==== DATA IN THIS EXERCISE ====
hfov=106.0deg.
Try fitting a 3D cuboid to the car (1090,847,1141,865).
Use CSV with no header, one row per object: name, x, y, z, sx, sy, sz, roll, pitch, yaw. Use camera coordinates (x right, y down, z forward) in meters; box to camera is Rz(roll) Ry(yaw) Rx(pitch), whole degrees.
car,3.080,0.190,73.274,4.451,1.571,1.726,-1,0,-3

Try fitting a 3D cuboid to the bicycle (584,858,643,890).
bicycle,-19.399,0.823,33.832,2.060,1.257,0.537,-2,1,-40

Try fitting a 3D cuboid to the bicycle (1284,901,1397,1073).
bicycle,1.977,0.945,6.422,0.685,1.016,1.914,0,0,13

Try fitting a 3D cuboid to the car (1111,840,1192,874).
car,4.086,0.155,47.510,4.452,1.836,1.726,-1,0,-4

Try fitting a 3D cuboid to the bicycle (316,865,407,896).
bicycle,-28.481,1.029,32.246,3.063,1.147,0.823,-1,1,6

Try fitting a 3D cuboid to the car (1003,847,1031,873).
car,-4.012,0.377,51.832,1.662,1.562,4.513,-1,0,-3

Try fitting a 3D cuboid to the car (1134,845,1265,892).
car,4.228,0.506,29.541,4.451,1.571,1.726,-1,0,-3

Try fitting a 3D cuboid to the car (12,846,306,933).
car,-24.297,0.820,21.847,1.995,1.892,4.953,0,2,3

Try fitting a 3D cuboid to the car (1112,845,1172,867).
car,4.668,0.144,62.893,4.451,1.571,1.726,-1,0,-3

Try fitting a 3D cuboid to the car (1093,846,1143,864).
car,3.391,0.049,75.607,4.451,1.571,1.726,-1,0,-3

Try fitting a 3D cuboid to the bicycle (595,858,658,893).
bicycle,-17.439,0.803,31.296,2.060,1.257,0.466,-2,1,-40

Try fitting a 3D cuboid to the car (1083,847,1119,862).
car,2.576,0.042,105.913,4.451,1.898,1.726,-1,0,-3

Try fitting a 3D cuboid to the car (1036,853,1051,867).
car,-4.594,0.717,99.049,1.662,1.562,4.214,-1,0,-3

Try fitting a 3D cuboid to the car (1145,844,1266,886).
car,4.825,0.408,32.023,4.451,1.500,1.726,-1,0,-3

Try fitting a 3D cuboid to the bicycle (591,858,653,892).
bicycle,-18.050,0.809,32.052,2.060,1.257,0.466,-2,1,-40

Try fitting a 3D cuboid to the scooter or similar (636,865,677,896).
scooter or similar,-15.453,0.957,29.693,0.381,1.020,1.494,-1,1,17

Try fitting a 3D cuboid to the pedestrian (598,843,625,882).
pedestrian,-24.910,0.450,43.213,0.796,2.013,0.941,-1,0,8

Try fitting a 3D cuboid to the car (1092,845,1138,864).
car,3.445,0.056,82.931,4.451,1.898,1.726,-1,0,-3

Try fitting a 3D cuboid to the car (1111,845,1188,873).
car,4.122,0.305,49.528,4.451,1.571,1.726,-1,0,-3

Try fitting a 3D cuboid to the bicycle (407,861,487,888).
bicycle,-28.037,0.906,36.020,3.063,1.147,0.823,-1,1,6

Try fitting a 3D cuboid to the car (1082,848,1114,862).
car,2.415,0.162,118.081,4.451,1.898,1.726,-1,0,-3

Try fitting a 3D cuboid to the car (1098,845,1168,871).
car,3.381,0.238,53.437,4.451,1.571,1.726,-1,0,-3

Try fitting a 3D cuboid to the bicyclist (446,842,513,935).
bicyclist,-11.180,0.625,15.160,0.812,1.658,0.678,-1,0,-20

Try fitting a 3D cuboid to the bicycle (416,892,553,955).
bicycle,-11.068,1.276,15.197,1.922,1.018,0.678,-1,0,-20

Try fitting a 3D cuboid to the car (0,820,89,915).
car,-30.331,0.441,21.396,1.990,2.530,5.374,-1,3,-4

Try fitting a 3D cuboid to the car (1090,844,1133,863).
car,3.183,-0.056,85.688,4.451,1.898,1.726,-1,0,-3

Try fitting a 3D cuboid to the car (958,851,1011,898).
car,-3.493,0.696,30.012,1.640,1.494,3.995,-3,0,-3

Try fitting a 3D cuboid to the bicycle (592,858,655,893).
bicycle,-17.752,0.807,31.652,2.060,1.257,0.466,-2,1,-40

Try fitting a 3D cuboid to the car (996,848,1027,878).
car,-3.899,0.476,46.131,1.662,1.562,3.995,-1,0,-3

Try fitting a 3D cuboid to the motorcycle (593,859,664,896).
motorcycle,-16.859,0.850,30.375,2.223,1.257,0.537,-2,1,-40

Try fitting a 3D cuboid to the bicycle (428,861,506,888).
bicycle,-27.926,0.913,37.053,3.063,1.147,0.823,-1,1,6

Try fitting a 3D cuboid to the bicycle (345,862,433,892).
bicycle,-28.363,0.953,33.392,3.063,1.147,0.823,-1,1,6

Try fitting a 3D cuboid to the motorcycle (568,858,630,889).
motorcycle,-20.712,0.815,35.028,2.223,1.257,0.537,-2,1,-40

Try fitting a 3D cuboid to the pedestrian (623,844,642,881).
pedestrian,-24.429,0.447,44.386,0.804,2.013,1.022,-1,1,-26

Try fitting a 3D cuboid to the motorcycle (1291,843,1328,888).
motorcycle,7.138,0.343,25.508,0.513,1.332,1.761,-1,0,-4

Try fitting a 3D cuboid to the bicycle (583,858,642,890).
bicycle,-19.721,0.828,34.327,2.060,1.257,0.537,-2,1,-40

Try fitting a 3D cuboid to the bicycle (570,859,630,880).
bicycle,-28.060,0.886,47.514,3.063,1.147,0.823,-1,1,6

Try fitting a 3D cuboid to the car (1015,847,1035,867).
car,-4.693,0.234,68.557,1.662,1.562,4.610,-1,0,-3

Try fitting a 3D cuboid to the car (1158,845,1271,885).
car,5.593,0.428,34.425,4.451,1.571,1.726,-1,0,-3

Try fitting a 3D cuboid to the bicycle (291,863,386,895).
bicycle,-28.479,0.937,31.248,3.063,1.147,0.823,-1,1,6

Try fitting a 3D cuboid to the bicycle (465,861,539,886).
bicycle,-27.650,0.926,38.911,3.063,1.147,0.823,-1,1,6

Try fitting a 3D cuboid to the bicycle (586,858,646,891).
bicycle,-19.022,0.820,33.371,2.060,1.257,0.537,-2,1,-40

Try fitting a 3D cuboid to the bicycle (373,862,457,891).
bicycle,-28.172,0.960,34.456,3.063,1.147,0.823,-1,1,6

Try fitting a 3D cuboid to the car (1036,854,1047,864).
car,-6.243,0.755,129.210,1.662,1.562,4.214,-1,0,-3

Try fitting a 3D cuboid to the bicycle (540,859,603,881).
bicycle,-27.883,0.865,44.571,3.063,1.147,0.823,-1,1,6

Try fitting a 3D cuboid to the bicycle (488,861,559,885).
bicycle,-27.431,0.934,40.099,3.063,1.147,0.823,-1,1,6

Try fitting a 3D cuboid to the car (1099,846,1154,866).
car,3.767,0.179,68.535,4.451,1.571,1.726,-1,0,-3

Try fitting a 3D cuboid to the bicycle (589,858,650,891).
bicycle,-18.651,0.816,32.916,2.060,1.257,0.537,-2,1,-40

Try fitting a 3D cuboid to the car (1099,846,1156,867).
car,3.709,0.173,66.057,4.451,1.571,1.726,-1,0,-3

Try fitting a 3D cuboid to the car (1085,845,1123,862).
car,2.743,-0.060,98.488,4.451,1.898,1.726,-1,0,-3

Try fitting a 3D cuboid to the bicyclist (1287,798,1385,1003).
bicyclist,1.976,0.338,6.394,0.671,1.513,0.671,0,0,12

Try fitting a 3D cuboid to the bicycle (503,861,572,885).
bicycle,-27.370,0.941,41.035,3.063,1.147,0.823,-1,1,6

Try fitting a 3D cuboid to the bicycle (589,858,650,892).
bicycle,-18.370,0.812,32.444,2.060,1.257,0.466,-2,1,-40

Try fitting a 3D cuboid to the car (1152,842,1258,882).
====
▸ WHAT NEEDS TO BE DONE
Only the lines from the start of the material through the line containing "Try fitting a 3D cuboid to the car (1090,847,1141,865)." belong in the answer, each copied exactly.

▸ RESPONSE FOR THIS EXERCISE
hfov=106.0deg.
Try fitting a 3D cuboid to the car (1090,847,1141,865).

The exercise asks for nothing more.